Toronto Life Magazine Lionizes Islamist Agent

2016-03-23

My comments about a recent article in the magazine Toronto Life lionizing Zunera Ishaq who became famous for winning the legal “right” to wear her niqab at her Canadian citizenship ceremony.

Sommaire en français Ma réponse à un texte, paru récemment dans la revue Toronto Life, dans lequel Zunera Ishaq, célèbre pour avoir gagné le « droit » de porter son niqab lors de sa cérémonie de citoyenneté canadienne, est encensée.

Lauren McKeon’s Toronto Life article “Zunera’s War” is typical of the air-headed attitude towards religious fanaticism, especially the Islamist variety, which is currently in fashion, especially since the election of that poster boy for complacency, Justin Trudeau.

McKeon focuses greatly on the personal details of Zunera Ishaq’s life in order to lionize her. This strategy is superficially effective, but it is ultimately facile. Heart-warming anecdotes and cute details of day-to-day life could be used to make anyone, even supporters of the most egregiously backward socio-political movements, look sympathetic.

McKeon completely ignores the most salient facet of Ishaq’s case: that Ishaq is a legal jihadist, that is, she uses legal means to promote an Islamist agenda. Of course this is far less dangerous than violent jihadism. We are lucky that Ishaq uses lawyers, not guns or bombs, to further her ends. But she remains dangerous nevertheless because her ends, her goals, are to trivialize symbols—such as the niqab—of an extremely retrograde ideology, to make such accoutrements commonplace and “normal” in Canadian society, so that ultimately the ideas which underlie such symbols become mainstream and acceptable.

Islamism, the ideology which Ishaq promotes—at least implicitly—via her personal legal jihad, is far to the political right of fundamentalist Christian supporters of the Conservative Party, […]
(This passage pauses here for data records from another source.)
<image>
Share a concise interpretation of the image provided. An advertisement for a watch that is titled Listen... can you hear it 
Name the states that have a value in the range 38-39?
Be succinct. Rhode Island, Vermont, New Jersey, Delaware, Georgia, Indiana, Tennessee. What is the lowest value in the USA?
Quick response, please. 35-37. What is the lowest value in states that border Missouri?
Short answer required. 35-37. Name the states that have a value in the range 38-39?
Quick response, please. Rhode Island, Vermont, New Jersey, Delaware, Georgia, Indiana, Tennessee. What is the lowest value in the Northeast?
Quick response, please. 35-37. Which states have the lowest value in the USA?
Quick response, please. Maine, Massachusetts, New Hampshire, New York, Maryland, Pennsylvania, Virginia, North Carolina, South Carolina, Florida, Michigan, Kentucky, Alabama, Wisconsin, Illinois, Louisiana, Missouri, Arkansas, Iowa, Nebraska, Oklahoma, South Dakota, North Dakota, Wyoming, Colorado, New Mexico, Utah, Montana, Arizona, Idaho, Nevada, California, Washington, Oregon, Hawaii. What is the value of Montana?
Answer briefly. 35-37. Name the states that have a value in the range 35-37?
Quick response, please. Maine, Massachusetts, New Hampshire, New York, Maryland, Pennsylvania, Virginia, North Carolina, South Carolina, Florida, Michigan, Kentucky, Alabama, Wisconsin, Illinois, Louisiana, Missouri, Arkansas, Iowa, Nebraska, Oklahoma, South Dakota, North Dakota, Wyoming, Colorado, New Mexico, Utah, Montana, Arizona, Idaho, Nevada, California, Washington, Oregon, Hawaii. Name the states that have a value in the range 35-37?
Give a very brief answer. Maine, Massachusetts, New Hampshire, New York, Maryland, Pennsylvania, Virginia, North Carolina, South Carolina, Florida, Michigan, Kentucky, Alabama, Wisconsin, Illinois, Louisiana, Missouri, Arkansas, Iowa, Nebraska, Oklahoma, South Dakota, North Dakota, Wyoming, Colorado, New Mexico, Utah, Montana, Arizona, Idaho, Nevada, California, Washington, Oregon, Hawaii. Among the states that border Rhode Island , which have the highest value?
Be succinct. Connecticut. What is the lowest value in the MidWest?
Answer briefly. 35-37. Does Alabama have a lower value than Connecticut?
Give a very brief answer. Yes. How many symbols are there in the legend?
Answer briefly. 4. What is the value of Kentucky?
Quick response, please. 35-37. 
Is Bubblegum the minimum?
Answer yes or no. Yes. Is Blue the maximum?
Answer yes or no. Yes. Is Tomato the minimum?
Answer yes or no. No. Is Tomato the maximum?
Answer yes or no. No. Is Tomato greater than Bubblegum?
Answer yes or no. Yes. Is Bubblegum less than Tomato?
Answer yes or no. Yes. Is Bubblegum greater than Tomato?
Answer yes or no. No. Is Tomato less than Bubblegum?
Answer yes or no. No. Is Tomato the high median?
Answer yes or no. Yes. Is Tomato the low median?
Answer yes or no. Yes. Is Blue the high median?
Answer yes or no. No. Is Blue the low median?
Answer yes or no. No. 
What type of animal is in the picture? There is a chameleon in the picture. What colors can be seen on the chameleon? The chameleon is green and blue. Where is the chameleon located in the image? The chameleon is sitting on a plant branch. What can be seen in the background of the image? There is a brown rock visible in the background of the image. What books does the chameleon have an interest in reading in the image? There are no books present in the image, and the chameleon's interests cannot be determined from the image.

Political theorists may debate whether or not Islamism—i.e. political Islam—corresponds to a coherent definition of “fascism.” However, whatever conclusion they may reach, one thing is certain: Islamism, the ideology which Ishaq promotes—at least implicitly—via her personal legal jihad, is far to the political right of fundamentalist Christian supporters of the Conservative Party, far to the right of Donald Trump, far to the right of the Front National (FN) in France or Pegida in Germany, far to the right of Mussolini or Pinochet or just about any other disgusting dictator one can name. Recently FN leader Marine Le Pen visited Quebec and was generally shunned and treated as a pariah. But Ishaq, whose ideology is far worse than Le Pen’s, is celebrated by fools too cowardly to acknowledge the reprehensible nature of her activism.

McKeon’s article makes a big deal of the idea that Ishaq is not some blushing wallflower, i.e. she is not a female victim being manipulated by controlling males off-stage. If this is true, then that simply deepens her guilt, and the foolishness of people like Trudeau, Mulcair and McKeon who enable her jihad. If she is acting on her own initiative and fully mindful of the consequences of her actions, then she is not just objectively reactionary, indeed she is consciously and deliberately a reactionary political activist, an active agent of extreme right-wing misogyny.

Ironically, McKeon does mention, but only in passing, the main legal issue which needs to be tackled to return Canada to sanity by not allowing religious fanatics to impose their nonsense during official ceremonies. She writes: “If religious freedom was such a tenet of Canadian society, she thought, then why couldn’t she practise her religion as she was becoming a citizen?” The problem, as anyone who has read attentively the Citizenship Act, the Preamble to the constitution or the Criminal Code (in particular the “Blasphemous Libel” section and the religious exception in the “Hate Propaganda” sections) can tell you, is that Canadian law gives undue priority to freedom of religion to the detriment of other freedoms. Indeed, freedom of religion should not be considered a fundamental freedom. Rather it is freedom of conscience which is fundamental, and it subsumes both freedom of religion and freedom FROM religion. The latter is compromised if we give precedence to the former.

As for Ishaq, she should be told in no uncertain terms that she may wear her silly niqab in her private life. But if she wishes to participate in public affairs—such as a citizenship ceremony—then she needs to act like a human being and show her face.